More important, anti-Obama activists seem to be driven by a sense by alienation—like many Americans, their lives are caught in an economic vortex beyond their control: 401ks depleted, houses devalued and foreclosed, wages stagnant or jobs evaporated. This is compounded by dramatic political changes that alienate citizens accustomed to being the dominant strain in society. Like the Simpsons locked out of their home by squatters, they may feel dispossessed by a coalition of outsiders—even when the outsiders are their own sons and daughters voting for Obama. In an insightful column, Ed Kilgore argues that the anti-Obama activists are not generally “racist”, but that race is an element in this sense of lost power, and fear of proposals (like health care) which would expand the power of others over their lives. GOP pollster Frank Luntz echoes this analysis: “The real reason why 72% of the people I interviewed say that they’re ‘mad as hell and they’re not going to take it anymore’ has nothing to do with racism. No, their rage is about a lack of accountability, a lack of respect, and a lack of progress in the nation’s capital.”
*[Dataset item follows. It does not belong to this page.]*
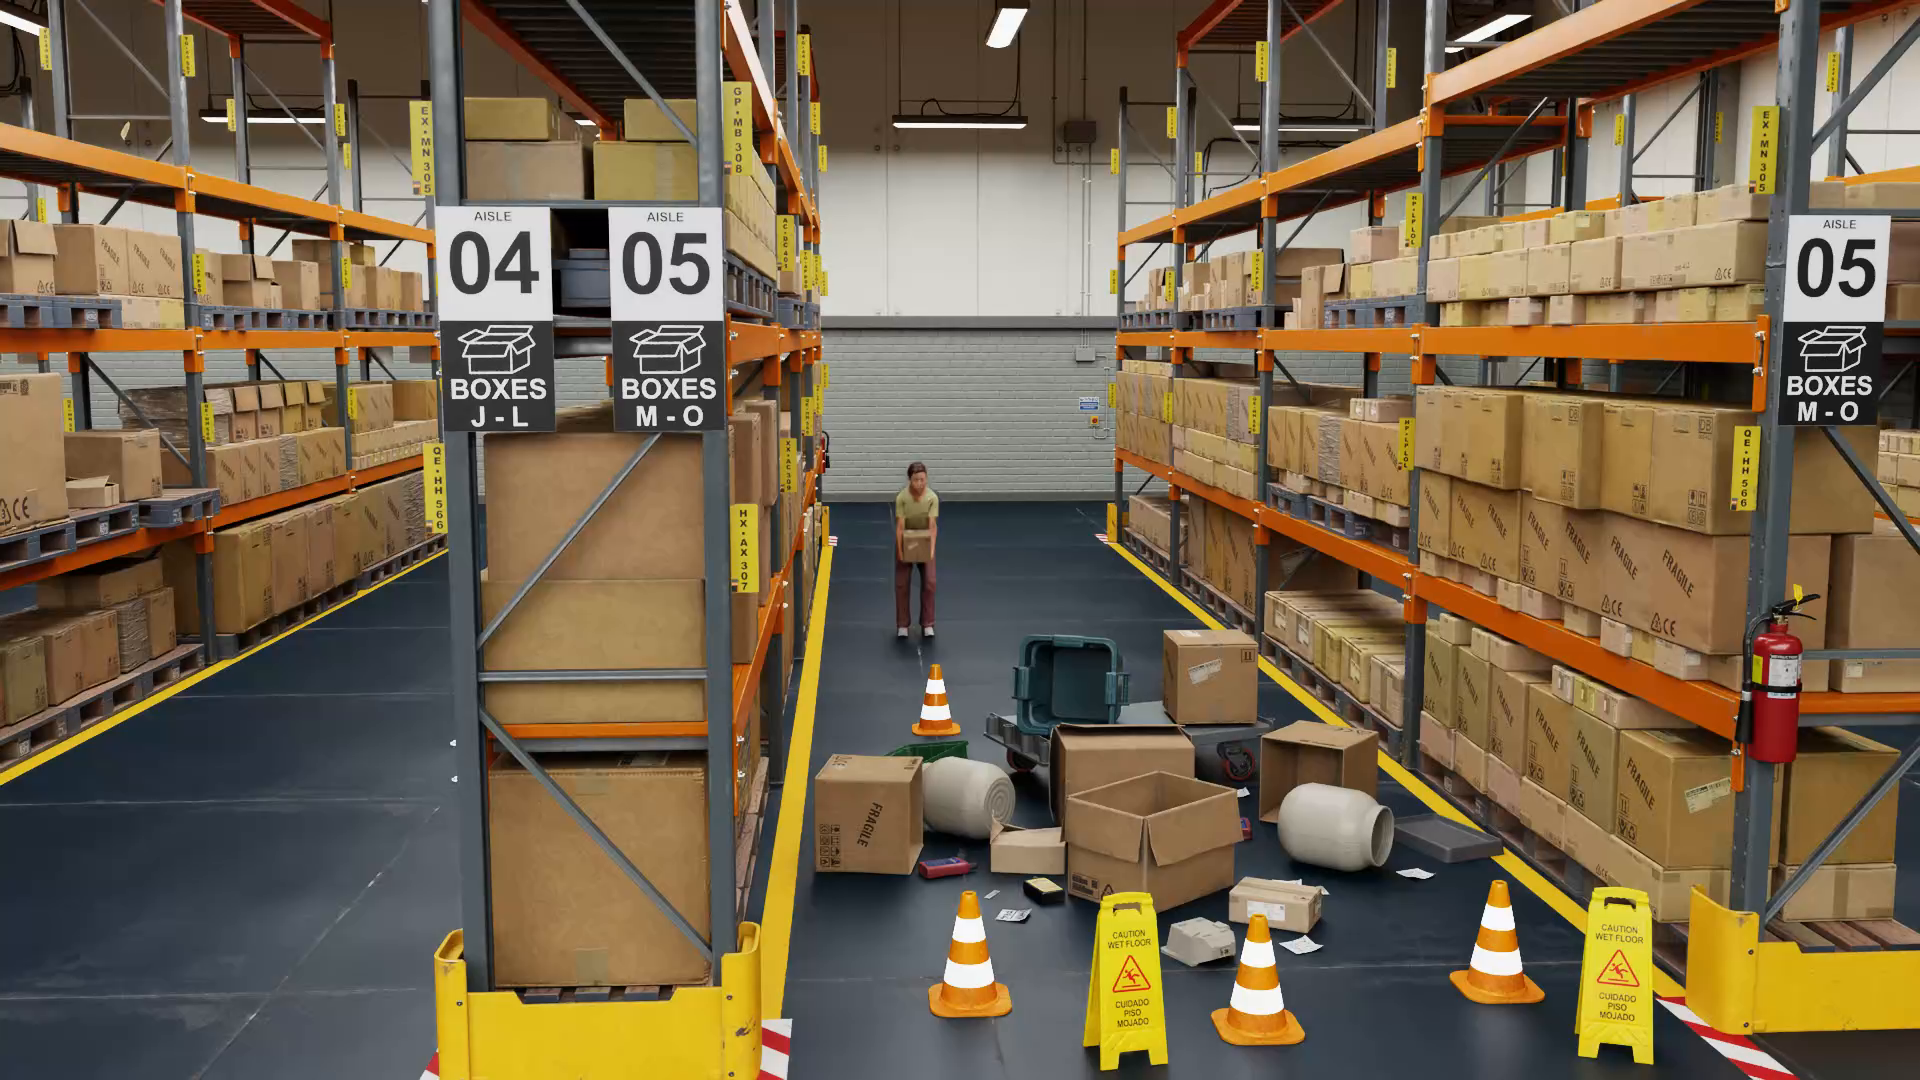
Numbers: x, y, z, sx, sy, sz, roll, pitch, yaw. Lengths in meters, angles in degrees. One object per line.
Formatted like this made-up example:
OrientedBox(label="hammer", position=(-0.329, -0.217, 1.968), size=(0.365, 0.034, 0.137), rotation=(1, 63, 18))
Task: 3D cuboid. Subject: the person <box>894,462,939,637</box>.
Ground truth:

While it is unlikely that any Democratic action would convert these activists into Obama supporters, a full debate on health care reform could defuse their anger. They would observe that conservative lawmakers got a full and free chance to make their case. And open conversation by lawmakers who are publicly accountable for their claims would dispel some of the worst rumors about the bill, e.g. even the most conservative Republican member would have to admit that the bill does NOT establish death panels to allocate health care. A quick, partisan debate, on the other hand, would probably amplify anti-Obama activists’ sense of exclusion.
In the end, there may be some truth to Ezra Klein’s statement that “a chamber built for cooperation cannot function in an era of polarization”—the negotiations to bring a health care bill to the Senate floor will probably make a Byzantine blush—but if the price of cooperation is a full debate of health care, both parties and most Americans may come out ahead.